The bidirectional reflectance distribution function (BRDF) describes the rate of change of the directional radiance of the surface as a function of illuminination zenith angle and azimuth, and the downwelling irradiance. BRDF models are used in the direct mode to simulate reflection and absorption of solar radiation as a function of canopy parameters, and in the inverse mode in order to estimate canopy parameters from measured reflectance data. In the Li-Strahler geometric – optical canopy model, the forest is treated as a collected on regular geometric shapes that cast shadows on a background and are viewed and illuminated from different directions. The directional radiance of the forest is a function of the sizes, shapes, orientations and placement of the objects ( i.e. individual tree crowns ) within the scene [1]. The model has been tested in woodland using Landsat Multispectral Scanner (MSS), Thematic Mapper (TM) , and SPOT High Resolution Visible (HRV) imagery [2]
The ASAS is an airborne, off-nadir-pointing imaging spectroradiometer used to acquire bidirectional radiance data for terrestrial targets. ASAS will permit measurement of radiance at a sufficient variety of angle to estimate the BRDF. ASAS also is being used to develop understanding of fine scale differences between directional reflectance and hemispherical reflectance
[3] As an example the ASAS data demonstrate combined effects of reflectance anisotropy and increased atmospheric path length on off-nadir observation, the result o these effects is a variation in vegetation indices as a function of view direction [4].
The objective of the study was to estimate the BRDF on principal plane from the processed ASAS images, and to test the geometric – optical canopy model.
ASAS data processing
ASAS employs detector array technology to acquire digital image data for visible and near – infrared spectral bands with a spectral resolution of 15nm.
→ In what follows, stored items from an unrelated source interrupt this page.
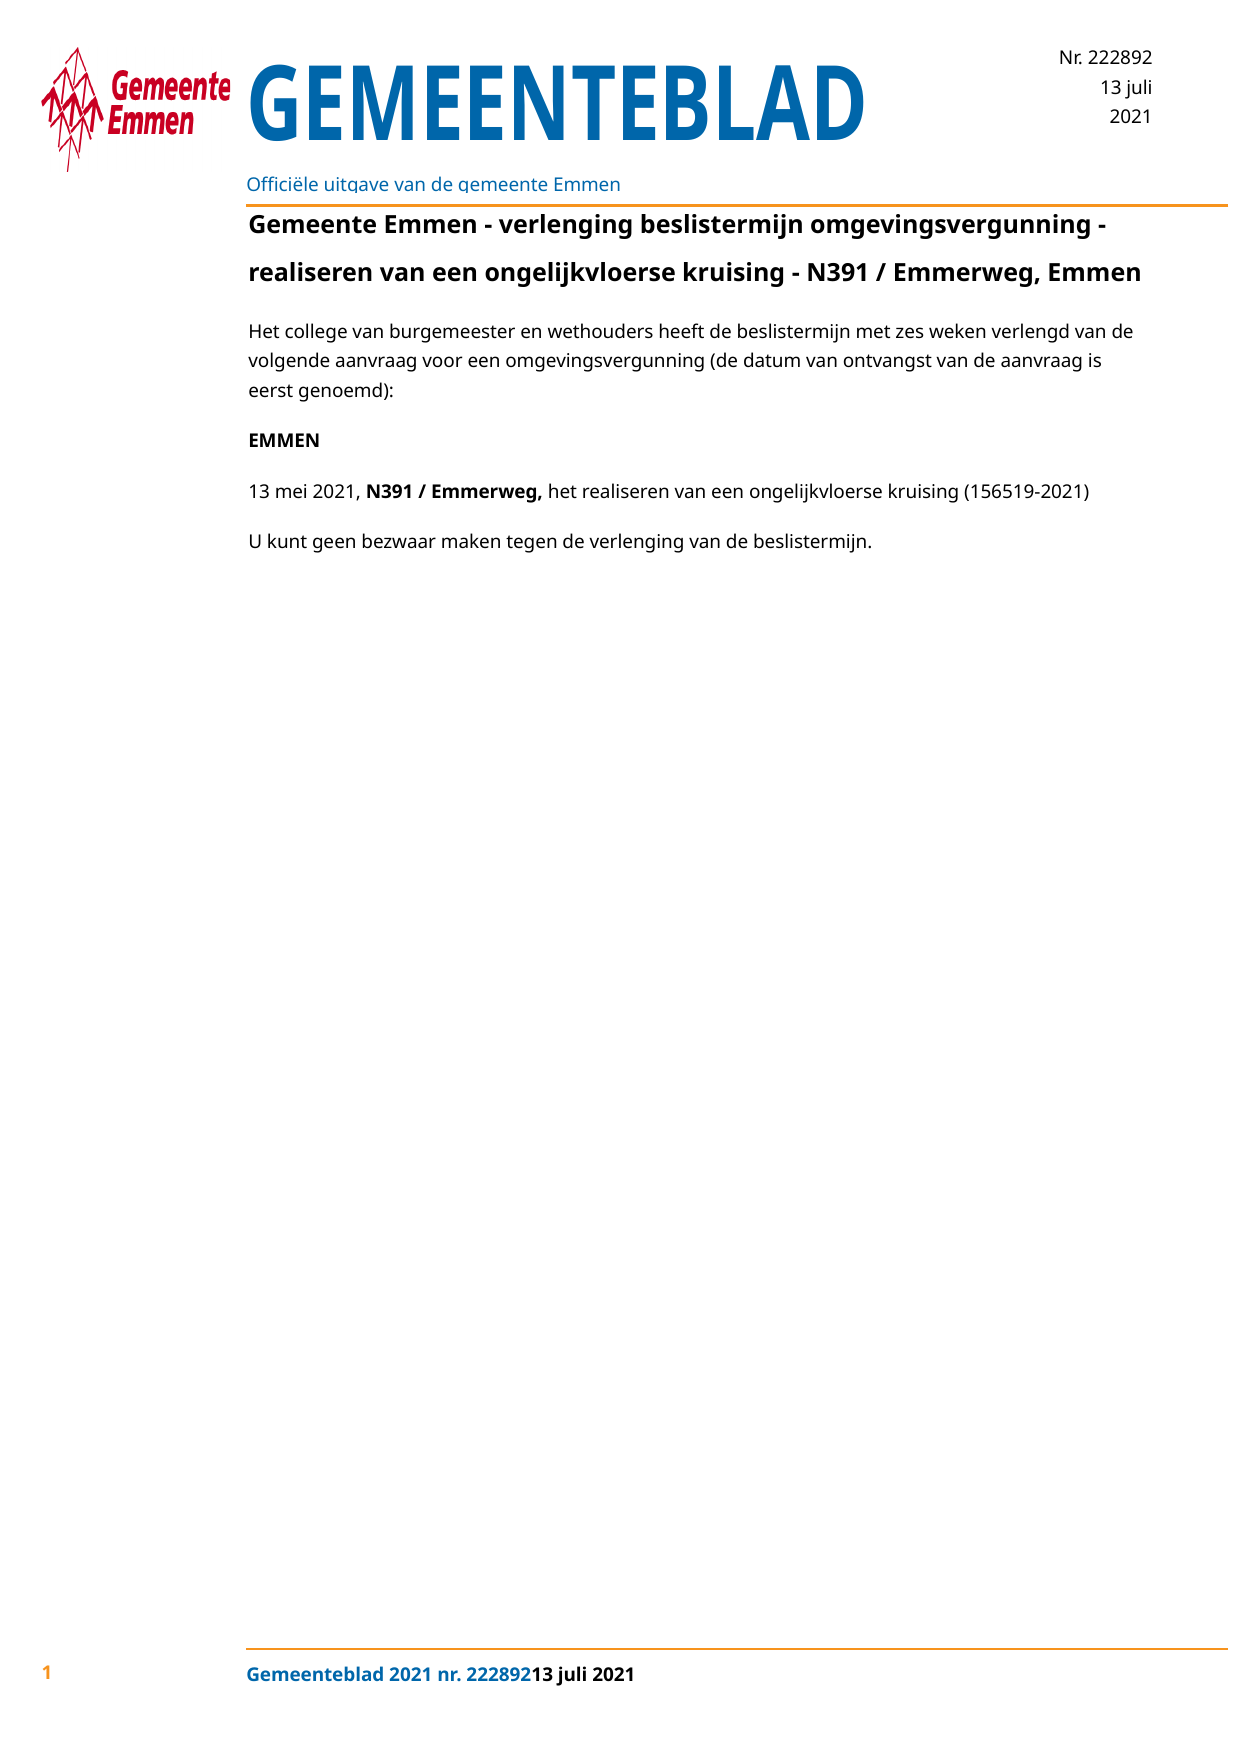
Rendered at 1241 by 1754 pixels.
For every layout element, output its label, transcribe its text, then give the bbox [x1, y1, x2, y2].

picture [41, 47, 231, 172]
text Gemeente Emmen - verlenging beslistermijn omgevingsvergunning - realiseren van een ongelijkvloerse kruising - N391 / Emmerweg, Emmen [248, 207, 1152, 288]
text Het college van burgemeester en wethouders heeft de beslistermijn met zes weken verlengd van de volgende aanvraag voor een omgevingsvergunning (de datum van ontvangst van de aanvraag is eerst genoemd): [248, 318, 1152, 403]
text EMMEN [248, 427, 1152, 453]
text 13 mei 2021, N391 / Emmerweg, het realiseren van een ongelijkvloerse kruising (156519-2021) [248, 478, 1152, 504]
text U kunt geen bezwaar maken tegen de verlenging van de beslistermijn. [248, 528, 1152, 554]
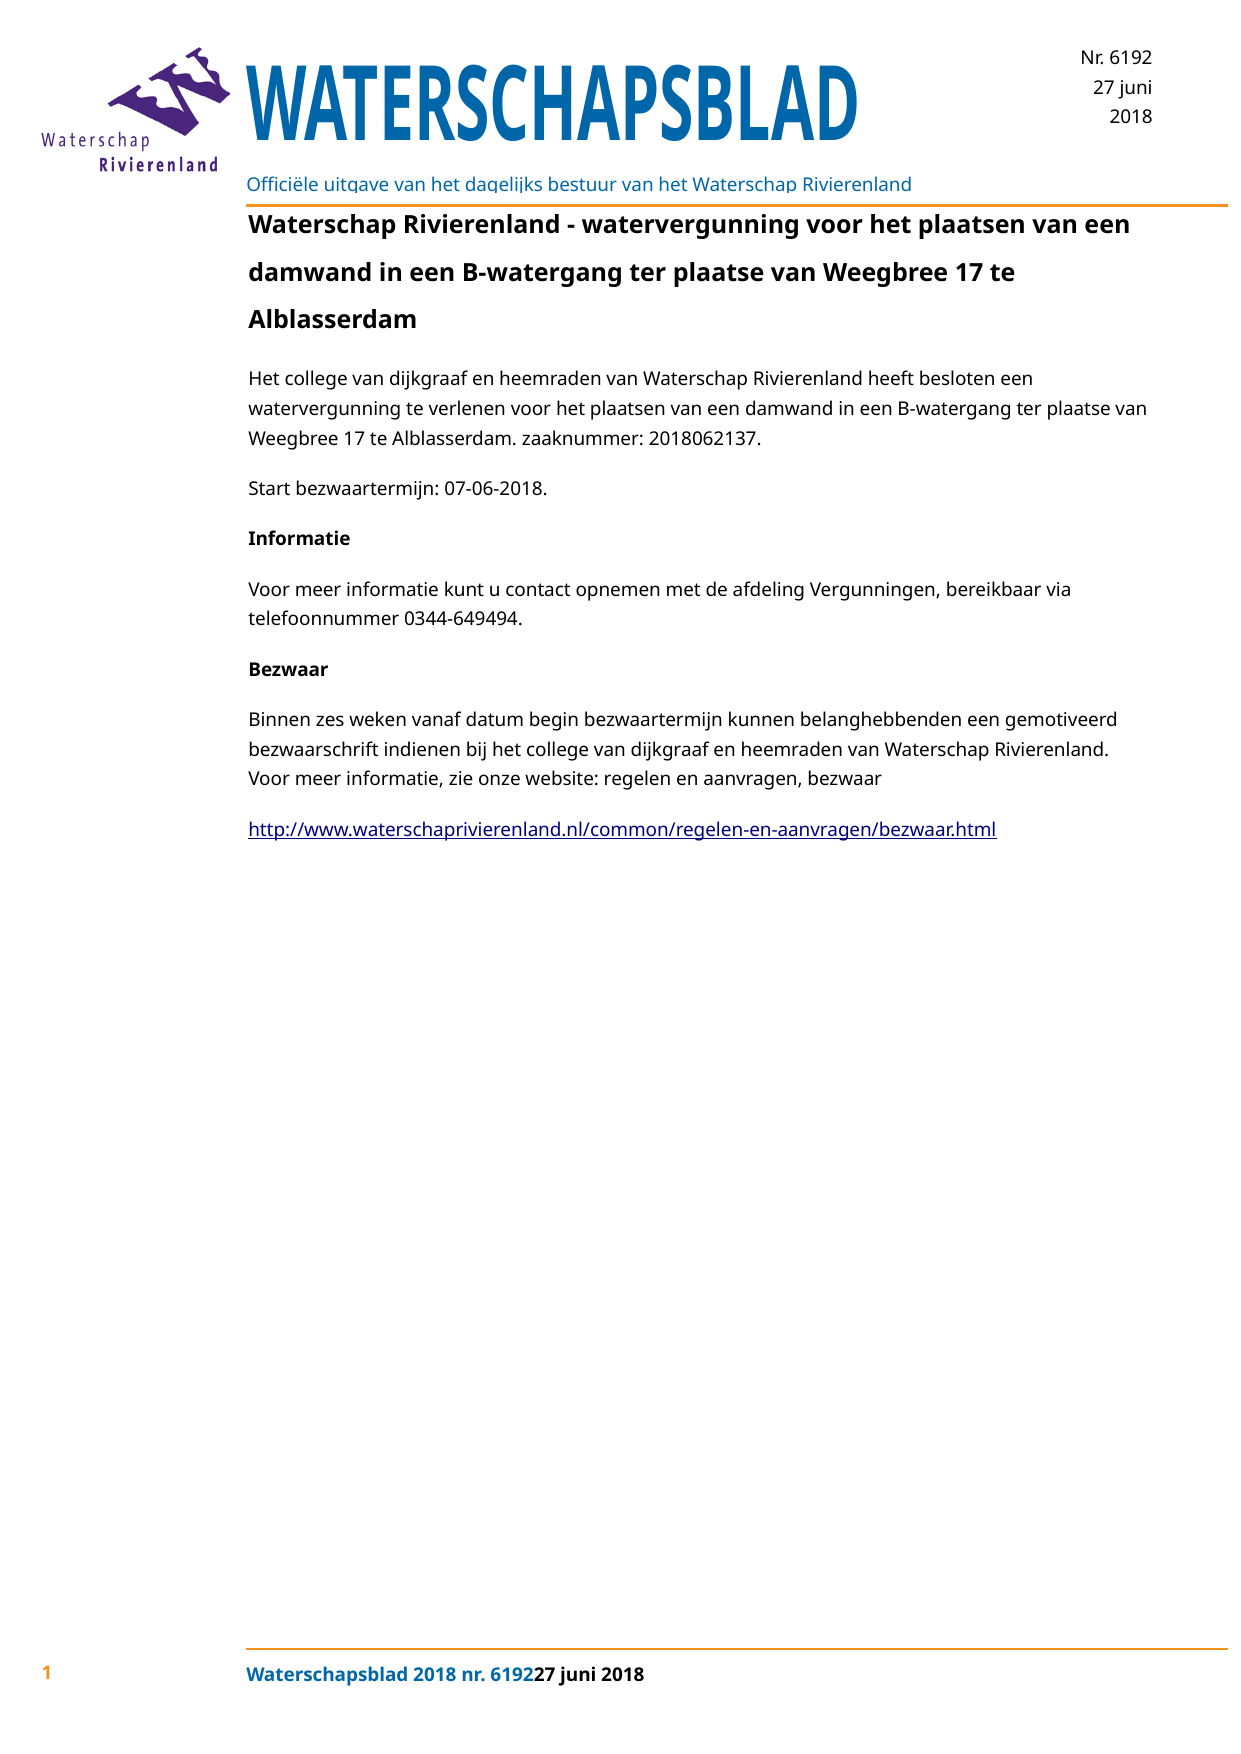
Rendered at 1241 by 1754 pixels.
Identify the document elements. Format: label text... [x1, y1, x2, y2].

text Het college van dijkgraaf en heemraden van Waterschap Rivierenland heeft besloten een watervergunning te verlenen voor het plaatsen van een damwand in een B-watergang ter plaatse van Weegbree 17 te Alblasserdam. zaaknummer: 2018062137. [248, 366, 1152, 450]
text Bezwaar [248, 656, 1152, 682]
text Voor meer informatie kunt u contact opnemen met de afdeling Vergunningen, bereikbaar via telefoonnummer 0344-649494. [248, 576, 1152, 631]
text Waterschap Rivierenland - watervergunning voor het plaatsen van een damwand in een B-watergang ter plaatse van Weegbree 17 te Alblasserdam [248, 207, 1152, 336]
text Binnen zes weken vanaf datum begin bezwaartermijn kunnen belanghebbenden een gemotiveerd bezwaarschrift indienen bij het college van dijkgraaf en heemraden van Waterschap Rivierenland. Voor meer informatie, zie onze website: regelen en aanvragen, bezwaar [248, 706, 1152, 791]
text http://www.waterschaprivierenland.nl/common/regelen-en-aanvragen/bezwaar.html [248, 816, 1152, 842]
picture [41, 47, 231, 172]
text Start bezwaartermijn: 07-06-2018. [248, 475, 1152, 501]
text Informatie [248, 526, 1152, 551]
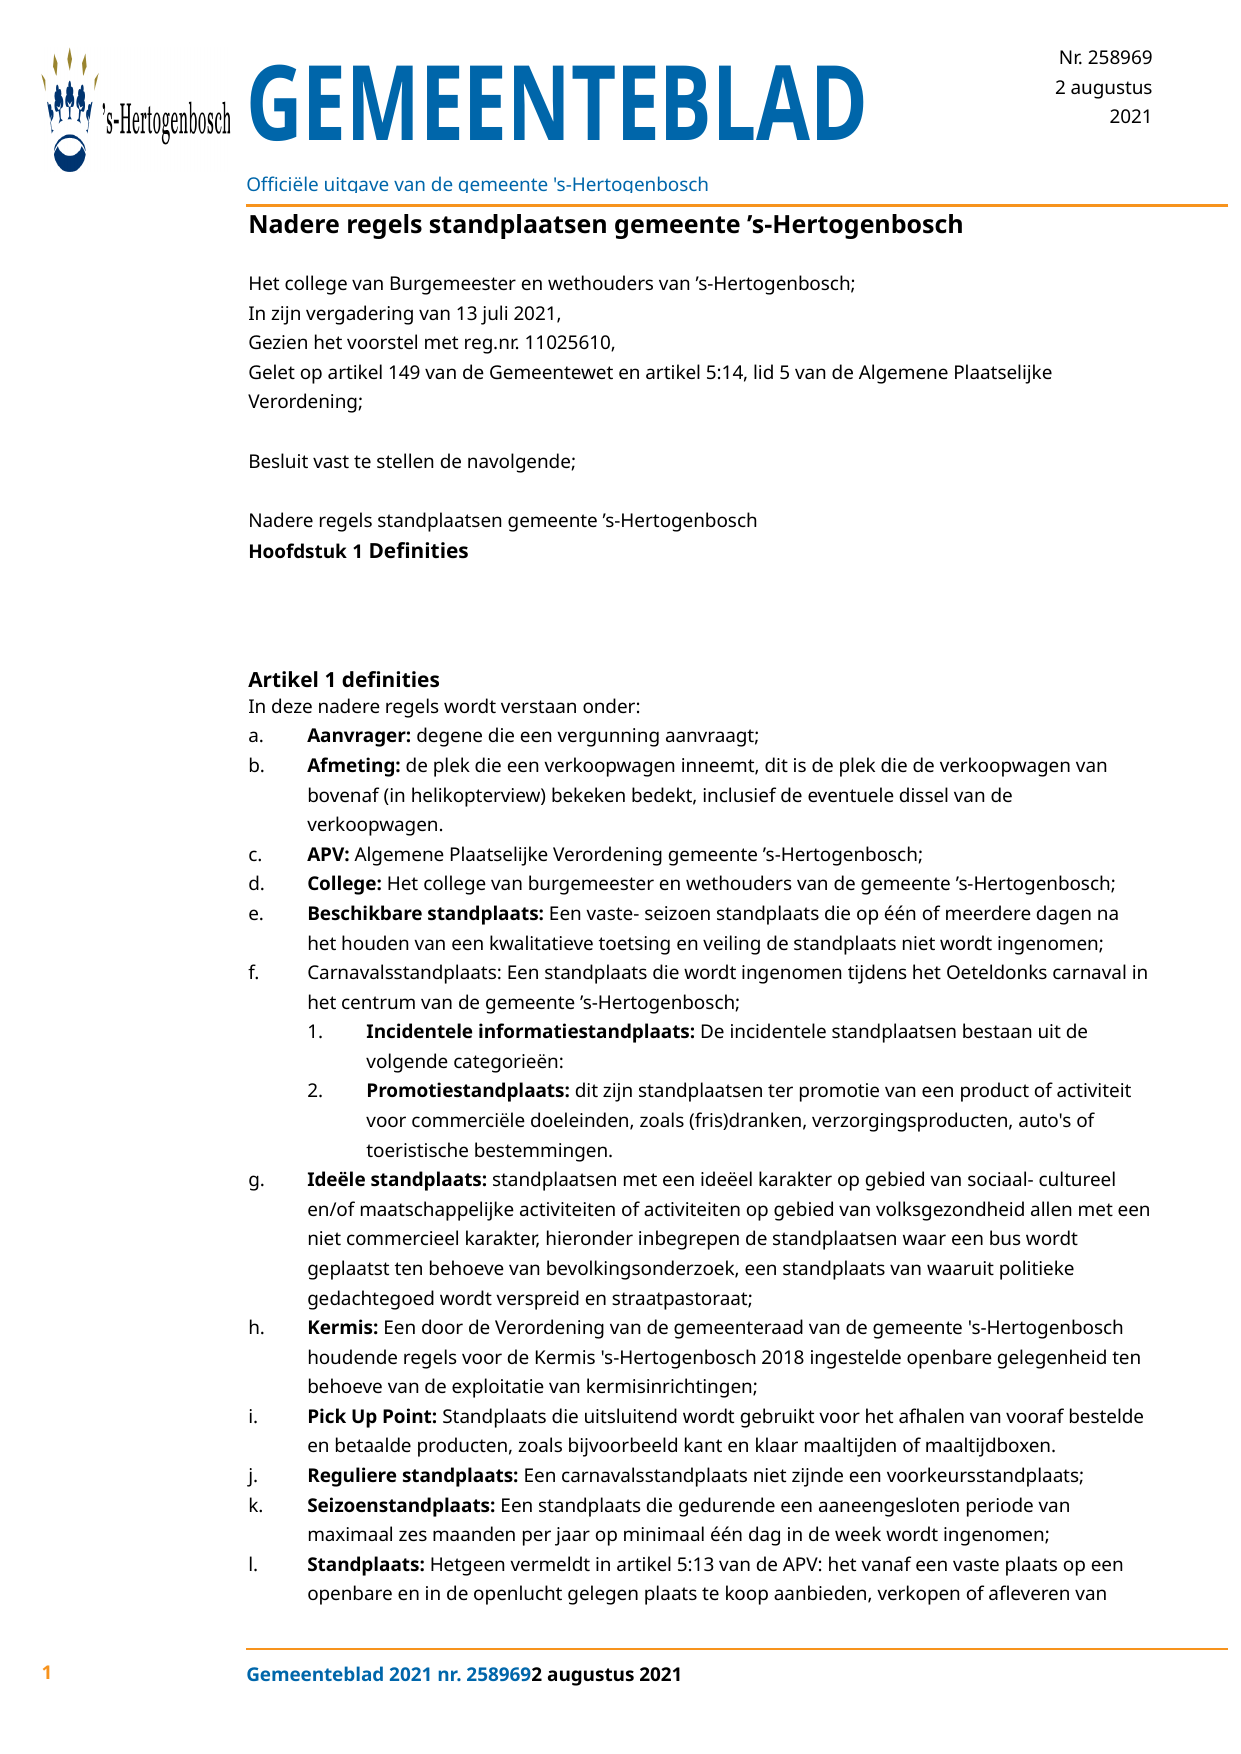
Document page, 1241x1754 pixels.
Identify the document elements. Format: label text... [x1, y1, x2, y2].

The spectrum range is 455nm—873nm. ASAS is able to track and image a target site through a sequence of fore –to-aft view angle which is up to 45 degree either fore or aft of the nadir view. And its spatial resolution at nadir was approximately 7.0 meter in the along-track, and 5.0 meter in the cross-track when the height of flight is 5,000 meter.
The ASAS data processed in this study were obtained from forest remote sensing experiment field in Maine, USA on Sept. 8, 1990. When the data acquiring, the solzr zenith angle is near +45 degree. The data consist of 7 images with different viewing direction on the principal plane and other 7 images on the cross plane. The viewing angle in each plan are from – 45 degree to + 45 degree with the incremence 15 degree. The original data were recorded in 12 bits, And after radiometric calibration the data were stored as a 16 bits interge in digital image files.
1 Data compression and color image display
In order to know the quality of the total 29 bands images, the 16 bits original data were compressed to 8 bits. The compression ratio depends on the statistical parameters of each band. Then the data can be displayed. By the display images, most bands of data are of high ratio of signal to noise and can be used to estimate the reflectance properties of the target.
Furthermore we take three bands of every image as a color combination image to display. The band No. 8(560nm), band No. 15(650nm) and band No.20(720nm) are coded as blue, green and red respectively to make a color combination image. In order to give a better color image and remain their different reflectance as well, we use the same compression ratio and enhancement method to process every color image. So the relative variation of brightness in these images can e seen clearly. When the viewing angle is equal to +45 degree, the image looks bright. As the viewing direction approach to the nadir, images look clearly and the average brightness of image decreases. The viewing zenith angle is equal to – 45 degree. These color images show that the reflectance of object is changing with the reflectance of object is changing with the viewing direction.